Uber knows their current rating system is bs. They know most passengers don't realize a 4 is a failing grade. So why don't they fix it? Because they use it as a stick to make drivers go the extra mile without any additional compensation.

Many say ratings don't matter and in some sense that's true. On the other hand, every driver checks their rating every time they check their earnings. And every time it goes down for some trivial bs is leaves a poor taste in your mouth about Uber.

Ratings should be used to weed out truly bad and dangerous drivers, not to allow some sniveling pax to snivel about not having an aux cord.

Also I believe you have to have an 4.8 for Select. This in my opinion is actionable.


----------



## PsJoe (Apr 22, 2017)

Let your rating tank, you'll make more money. Uber sends my buddy a response on one of his messages to them one day where he was complaining that a passenger was unable to request him (Black / SUV) while sitting in his car. The message said that Uber pairs low rates passengers with low rates drivers and high rated passengers with high rated drivers and so he probably wasn't paired because he was rated high while the passenger low. A larger amount of passengers are considered low rates, and just a select few are still "high" rated so in essence, Uber is rewarding low rated drivers by allowing them to get more rides because they get paired with the majority of passengers out there, while we high rated drivers sit here driving a smaller fraction of the market.


----------



## tohunt4me (Nov 23, 2015)

tomatopaste said:


> Uber knows their current rating system is bs. They know most passengers don't realize a 4 is a failing grade. So why don't they fix it? Because they use it as a stick to make drivers go the extra mile without any additional compensation.
> 
> Many say ratings don't matter and in some sense that's true. On the other hand, every driver checks their rating every time they check their earnings. And every time it goes down for some trivial bs is leaves a poor taste in your mouth about Uber.
> 
> ...


TIPPING SHOULD BE THE ONLY RATING !



tomatopaste said:


> Uber knows their current rating system is bs. They know most passengers don't realize a 4 is a failing grade. So why don't they fix it? Because they use it as a stick to make drivers go the extra mile without any additional compensation.
> 
> Many say ratings don't matter and in some sense that's true.
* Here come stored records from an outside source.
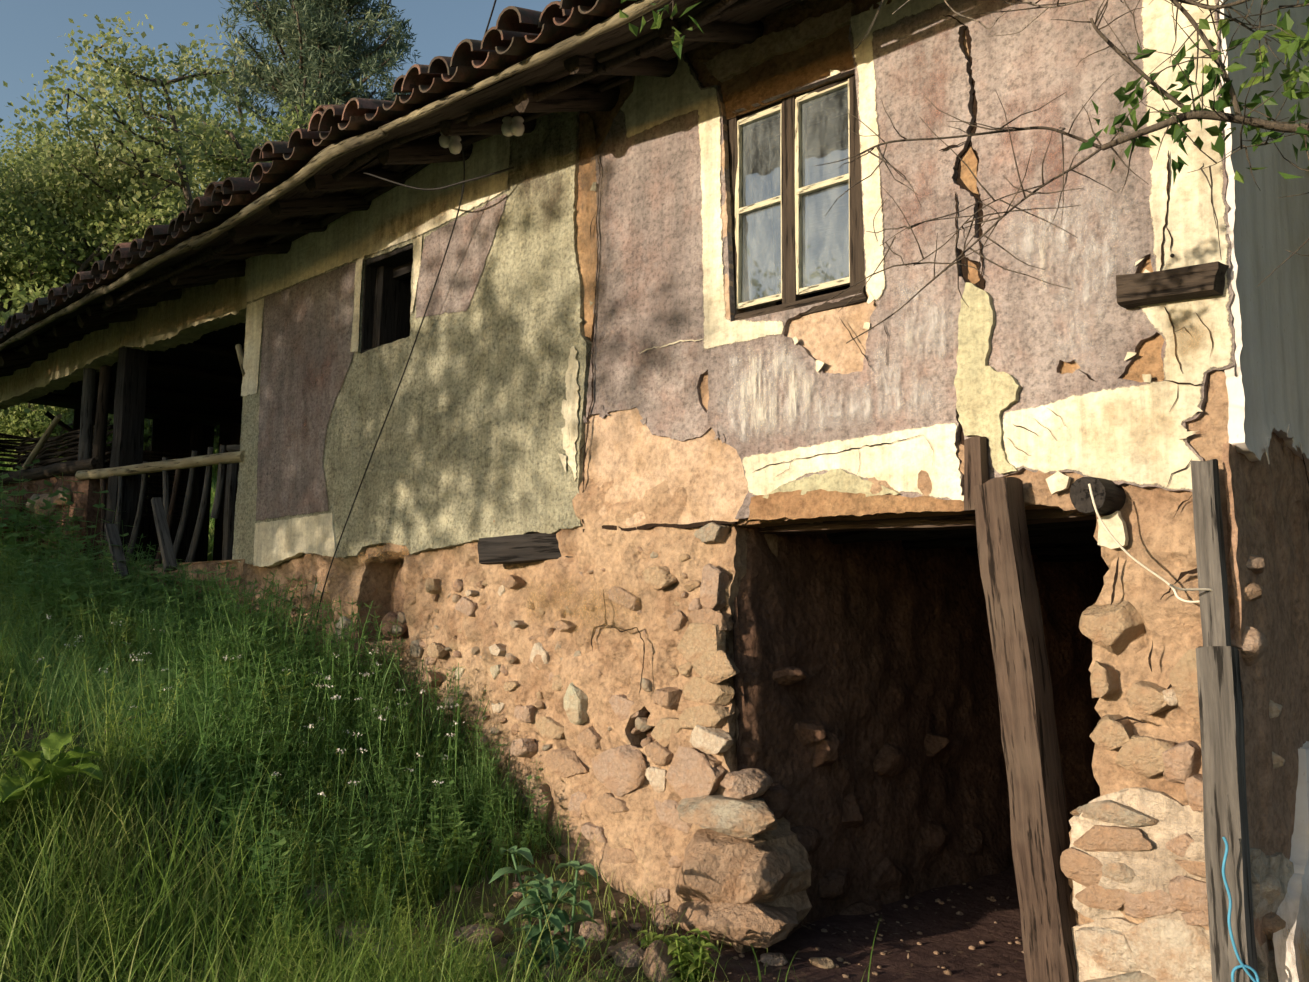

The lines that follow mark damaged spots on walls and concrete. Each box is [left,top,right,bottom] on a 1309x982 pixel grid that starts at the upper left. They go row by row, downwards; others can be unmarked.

peeling [687,0,892,120]
crack [939,15,986,290]
crack [1160,150,1173,271]
crack [579,155,737,532]
peeling [787,291,877,375]
spalling [1121,334,1164,383]
crack [1164,306,1213,411]
crack [591,589,645,693]

On the other hand, every driver checks their rating every time they check their earnings. And every time it goes down for some trivial bs is leaves a poor taste in your mouth about Uber.
> 
> ...


Ratings are Racist, Sexist, Ageist, they decriminate in every imaginable way.


----------



## Anie (May 23, 2017)

This is true..I took a rider that I waited 7mins for her to come out then she was smoking and kept saying if I could speed up because she wanted to catch the train at a certain hour, she even wanted me to go through a gas station at a red light due to her tardy ass..I told her no to both as I'm not getting a ticket like that at all..she then told Uber I wasn't professional!!!...


----------



## Bpr2 (Feb 21, 2017)

Anie said:


> This is true..I took a rider that I waited 7mins for her to come out then she was smoking and kept saying if I could speed up because she wanted to catch the train at a certain hour, she even wanted me to go through a gas station at a red light due to her tardy ass..I told her no to both as I'm not getting a ticket like that at all..she then told Uber I wasn't professional!!!...


That's messed up.


----------



## Veju (Apr 17, 2017)

Can I just drive the tippers that shower daily? I'm ok with fewer rides if this happens. Perhaps they should implement a rider filter.


----------